Pasangan Ramah Serahkan Berkas Pendaftaran di KPU Batam Usai Deklarasi



BATAM - Pasangan petahana, Rudi-Amsakar kembali maju dalam Pemilihan Wali Kota Batam 2020. Usai mendeklarasikan diri, pasangan ini langsung berangkat menuju Kantor Pemilihan Umum (KPU) Kota Batam yang berlokasi di Kecamatan Sekupang, untuk mendaftar, Jumat (4/9/2020).
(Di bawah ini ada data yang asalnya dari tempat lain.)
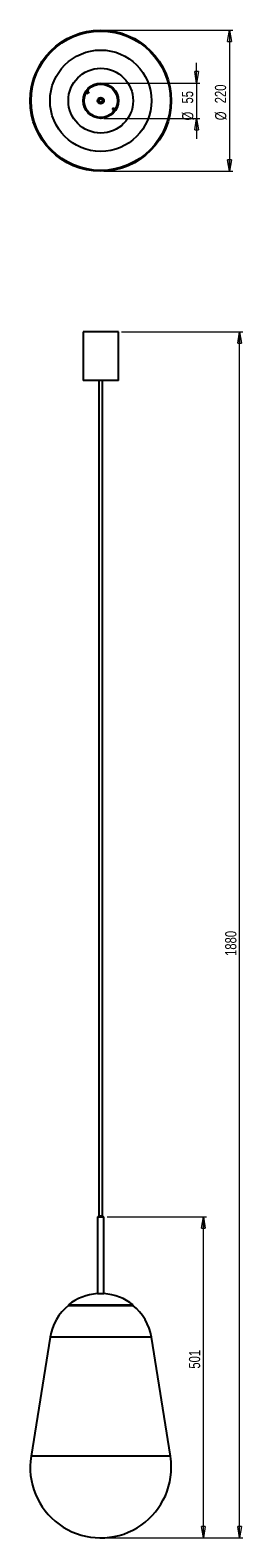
# Model space of a CAD drawing. Header units: millimetres. Extents: x 676 to 742, y 292 to 762.
import ezdxf

# ---------------------------------------------------------------- set-up
doc = ezdxf.new("R2010")
doc.units = ezdxf.units.MM
doc.header["$PDSIZE"] = -1
doc.styles.add('SLDTEXTSTYLE0', font='TXT', dxfattribs={"width": 0.75})
doc.dimstyles.new('SLDDIMSTYLE0', dxfattribs={"dimtxt": 3.5, "dimasz": 3.556, "dimexe": 0, "dimexo": 0.0625, "dimgap": 0.875, "dimtad": 1, "dimdec": 0, "dimlfac": 5, "dimrnd": 1e-09, "dimzin": 12, "dimdsep": 46, "dimtxsty": 'SLDTEXTSTYLE0', "dimblk1": 'CLOSED', "dimblk2": 'CLOSED', "dimsah": 1, "dimcen": 0.09, "dimadec": 0, "dimazin": 3, "dimtfac": 1, "dimtdec": 0, "dimtofl": 0, "dimtmove": 0, "dimatfit": 3, "dimldrblk": 'CLOSED', "dimfxl": 0, "dimfrac": 2, "dimtolj": 1, "dimtzin": 12, "dimarcsym": 0})
doc.dimstyles.new('SLDDIMSTYLE1', dxfattribs={"dimtxt": 3.5, "dimasz": 3.556, "dimexe": 0, "dimexo": 0.0625, "dimgap": 0.875, "dimtad": 1, "dimdec": 0, "dimlfac": 5, "dimrnd": 1e-09, "dimzin": 12, "dimdsep": 46, "dimtxsty": 'SLDTEXTSTYLE0', "dimblk1": 'CLOSED', "dimblk2": 'CLOSED', "dimsah": 1, "dimcen": 0.09, "dimadec": 0, "dimazin": 3, "dimtfac": 1, "dimtdec": 0, "dimtmove": 0, "dimatfit": 0, "dimldrblk": 'CLOSED', "dimfxl": 0, "dimfrac": 2, "dimtolj": 1, "dimtzin": 12, "dimarcsym": 0})

# ---------------------------------------------------------------- blocks, each defined once
blk = doc.blocks.new('_Closed')
at = {"color": 0, "linetype": 'ByBlock', "lineweight": -2}
for p, q in [((-1, 0.166667), (0, 0)), ((-1, 0.166667), (-1, -0.166667)), ((0, 0), (-1, -0.166667)), ((0, 0), (-1, 0))]:
    blk.add_line(p, q, dxfattribs=at)
blk = doc.blocks.new('_D')
at = {"color": 7, "linetype": 'Continuous', "lineweight": 0}
for p, q in [((704.17, 668), (741.96, 668)), ((740.96, 291.98), (740.96, 668)), ((698.67, 291.98), (741.96, 291.98))]:
    blk.add_line(p, q, dxfattribs=at)
at = {"color": 7, "linetype": 'Continuous', "lineweight": 18, "xscale": 3.556, "yscale": 3.556}
for p, rotation in [((740.96, 668), 90.0000000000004), ((740.96, 291.98), 270.0000000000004)]:
    blk.add_blockref('_Closed', p, dxfattribs=dict(at, rotation=rotation))
at = {"color": 7, "linetype": 'Continuous', "lineweight": 18, "insert": (736.45, 473.4), "char_height": 3.5, "attachment_point": 1, "rotation": 90, "style": 'SLDTEXTSTYLE0'}
blk.add_mtext('1880', dxfattribs=at)
blk = doc.blocks.new('_D_1')
at = {"color": 7, "linetype": 'Continuous', "lineweight": 0}
for p, q in [((699.64, 392.11), (730.67, 392.11)), ((729.67, 291.98), (729.67, 392.11)), ((698.67, 291.98), (730.67, 291.98))]:
    blk.add_line(p, q, dxfattribs=at)
at = {"color": 7, "linetype": 'Continuous', "lineweight": 18, "xscale": 3.556, "yscale": 3.556}
for p, rotation in [((729.67, 392.11), 90.0000000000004), ((729.67, 291.98), 270.0000000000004)]:
    blk.add_blockref('_Closed', p, dxfattribs=dict(at, rotation=rotation))
at = {"color": 7, "linetype": 'Continuous', "lineweight": 18, "insert": (725.16, 344.73), "char_height": 3.5, "attachment_point": 1, "rotation": 90, "style": 'SLDTEXTSTYLE0'}
blk.add_mtext('501', dxfattribs=at)
blk = doc.blocks.new('_D_2')
at = {"color": 7, "linetype": 'Continuous', "lineweight": 0}
for p, q in [((727.54, 745.54), (727.54, 751.89)), ((698.67, 745.54), (728.54, 745.54)), ((727.54, 745.54), (727.54, 734.54)), ((698.67, 734.54), (728.54, 734.54)), ((727.54, 734.54), (727.54, 728.19))]:
    blk.add_line(p, q, dxfattribs=at)
at = {"color": 7, "linetype": 'Continuous', "lineweight": 18, "xscale": 3.556, "yscale": 3.556}
for p, rotation in [((727.54, 745.54, -161.76), 270.0000000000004), ((727.54, 734.54, -161.76), 90.0000000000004)]:
    blk.add_blockref('_Closed', p, dxfattribs=dict(at, rotation=rotation))
at = {"color": 7, "linetype": 'Continuous', "lineweight": 18, "char_height": 3.5, "attachment_point": 1, "rotation": 90, "style": 'SLDTEXTSTYLE0'}
for s, insert in [('55', (722.98, 739.16)), ('%%c', (723.03, 733.88))]:
    blk.add_mtext(s, dxfattribs=dict(at, insert=insert))
blk = doc.blocks.new('_D_3')
at = {"color": 7, "linetype": 'Continuous', "lineweight": 0}
for p, q in [((698.67, 762.04), (738.82, 762.04)), ((737.82, 762.04), (737.82, 718.04)), ((698.67, 718.04), (738.82, 718.04))]:
    blk.add_line(p, q, dxfattribs=at)
at = {"color": 7, "linetype": 'Continuous', "lineweight": 18, "xscale": 3.556, "yscale": 3.556}
for p, rotation in [((737.82, 762.04, -161.76), 90.0000000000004), ((737.82, 718.04, -161.76), 270.0000000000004)]:
    blk.add_blockref('_Closed', p, dxfattribs=dict(at, rotation=rotation))
at = {"color": 7, "linetype": 'Continuous', "lineweight": 18, "char_height": 3.5, "attachment_point": 1, "rotation": 90, "style": 'SLDTEXTSTYLE0'}
for s, insert in [('220', (733.25, 739.23)), ('%%c', (733.31, 733.95))]:
    blk.add_mtext(s, dxfattribs=dict(at, insert=insert))

msp = doc.modelspace()

# ---------------------------------------------------------------- linework, layer by layer
at = {"color": 7, "linetype": 'Continuous', "lineweight": 25}
for p, q in [((693.98, 742.8), (693.49, 743.13)), ((693.98, 742.8), (693.66, 742.3)), ((693.16, 742.62), (693.66, 742.3)), ((697.03, 740.46), (696.83, 740.58)), ((701.36, 737.27), (701.69, 737.77)), ((701.36, 737.27), (701.85, 736.95)), ((702.18, 737.45), (701.69, 737.77)), ((692.17, 668), (692.17, 652.8)), ((703.17, 668), (692.17, 668)), ((703.17, 652.8), (703.17, 668)), ((703.17, 652.8), (692.17, 652.8)), ((697.12, 652.8), (697.12, 392.31)), ((698.22, 392.31), (698.22, 652.8)), ((696.7, 392.11), (696.7, 368.11)), ((696.7, 392.11), (696.97, 392.11)), ((696.97, 392.31), (696.77, 392.11)), ((698.37, 392.31), (696.97, 392.31)), ((696.97, 392.11), (698.64, 392.11)), ((698.57, 392.11), (698.37, 392.31)), ((698.64, 368.11), (698.64, 392.11)), ((696.67, 368.11), (698.67, 368.11)), ((687.57, 364.6), (687.67, 364.47)), ((687.57, 364.6), (707.77, 364.6)), ((687.67, 364.47), (707.67, 364.47)), ((707.67, 364.47), (707.77, 364.6)), ((681.87, 354.51), (675.95, 317.45)), ((719.4, 317.45), (713.47, 354.51))]:
    msp.add_line(p, q, dxfattribs=at)
at = {"color": 8, "linetype": 'Continuous', "lineweight": 25}
for p, q in [((697.17, 740.36), (697.03, 740.46)), ((713.47, 354.51), (681.87, 354.51)), ((719.4, 317.45), (675.95, 317.45))]:
    msp.add_line(p, q, dxfattribs=at)
at = {"color": 7, "linetype": 'Continuous', "lineweight": 25}
for radius in [22, 21.72, 15.8, 10.1, 5.5, 5.2, 1, 0.771, 0.55]:
    msp.add_circle((697.67, 740.04), radius, dxfattribs=at)
for centre, radius, start, end in [((697.67, 740.04), 0.6, 146.8424, 236.8424), ((697.67, 740.04), 0.6, 236.8424, 146.8424), ((697.67, 351.98), 16.16, 93.5478, 128.6822), ((697.67, 351.98), 16.16, 51.3178, 86.4522), ((697.67, 351.98), 16, 128.6822, 170.9153), ((697.67, 351.98), 16, 9.0847, 51.3178), ((697.67, 313.98), 22, 170.9153, 0), ((697.67, 313.98), 22, 0, 9.0847)]:
    msp.add_arc(centre, radius, start, end, dxfattribs=at)
at = {"color": 7, "linetype": 'Continuous', "lineweight": 0}
msp.add_point((697.67, 291.98), dxfattribs=at)

# ---------------------------------------------------------------- dimensions: what is measured, and where the dimension line sits
at = {"color": 7, "linetype": 'Continuous', "lineweight": 18}
for base, p1, p2, dimstyle, picture, middle in [((737.82, 718.04), (697.67, 762.04), (697.67, 718.04), 'SLDDIMSTYLE0', '_D_3', (737.82, 740.47)), ((727.54, 734.54), (697.67, 745.54), (697.67, 734.54), 'SLDDIMSTYLE1', '_D_2', (727.54, 739.1))]:
    dim = msp.add_linear_dim(base=base, p1=p1, p2=p2, angle=90, text='%%c<>', dimstyle=dimstyle, dxfattribs=at)
    dim.commit()
    dim.dimension.update_dxf_attribs({"geometry": picture, "text_midpoint": middle, "dimtype": 160})
for base, p2, picture, middle in [((740.96, 668), (703.17, 668), '_D', (740.96, 478.57)), ((729.67, 392.11), (698.64, 392.11), '_D_1', (729.67, 348.61))]:
    dim = msp.add_linear_dim(base=base, p1=(697.67, 291.98), p2=p2, angle=90, dimstyle='SLDDIMSTYLE0', dxfattribs=at)
    dim.commit()
    dim.dimension.update_dxf_attribs({"geometry": picture, "text_midpoint": middle, "dimtype": 160})

doc.saveas('drawing.dxf')

Rudi-Amsakar tiba di Kantor KPU Kota Batam sekitar pukul 15.30 WIB. Pasangan ini menyerahkan formulir pendaftaran untuk Pilwakot kepada komisioner KPU.

Sebelumnya, pasangan petahana ini melaksanakan deklarasi bersama sejumlah parpol dan simpatisan di Lapangan Auto Cafe, Tiban, Kecamatan Sekupang, sekitar pukul 14.00 WIB.

Dalam deklarasi itu, Rudi-Amsakar mengucapkan terima kasih kepada parpol dan simpatisan yang kembali memberikan kepercayaan kepada mereka untuk memimpin Batam satu periode ke depan.

Pasangan petahana Rudi-Amsakar diusung oleh delapan partai yakni Partai Nasdem, Partai Golkar, PKS, PAN, Hanura, PSI, Partai Demokrat, dan PPP. Hal ini tak jauh berbeda dengan jumlah partai pengusung pada periode sebelumnya.

"Jumlah parpol yang mendukung kami sekarang, hampir sama dengan jumlah parpol yang mendukung kami pada Pilwakot periode lalu. Maka, kami yakin, kami bisa merebut kembali suara masyarakat," kata Rudi saat deklarasi.

Terpisah, Ketua KPU Kota Batam Herigen Agusti mengatakan pihaknya telah menerima berkas pendaftaran Rudi-Amsakar. Selanjutnya, KPU Kota Batam melakukan verifikasi terhadap dokumen yang diberikan pasangan baakal calon wali kota dan wakil wali kota Batam.

"Verifikasi awal, kami akan meminta data diri dari para pengurus parpol yang mengusung pasangan ini," kata Herigen.

Herigen menjelaskan untuk pendaftaran calon wali kota dan wakil wali kota Batam, setiap pasangan bakal calon harus memperoleh dukungan minimal 20 persen dari jumlah kursi atau 10 kursi di DPRD Batam.

Selain itu, ada persyaratan lain yang harus dipenuhi setiap pasangan bakal calon yang mendaftar, yaitu surat keterangan tindak pidana, narkoba dan nantinya akan dilanjutkan dengan tes kesehatan.

"Kalau nanti ada yang belum lengkap, masih ada waktu untuk melengkapi," kata Herigen.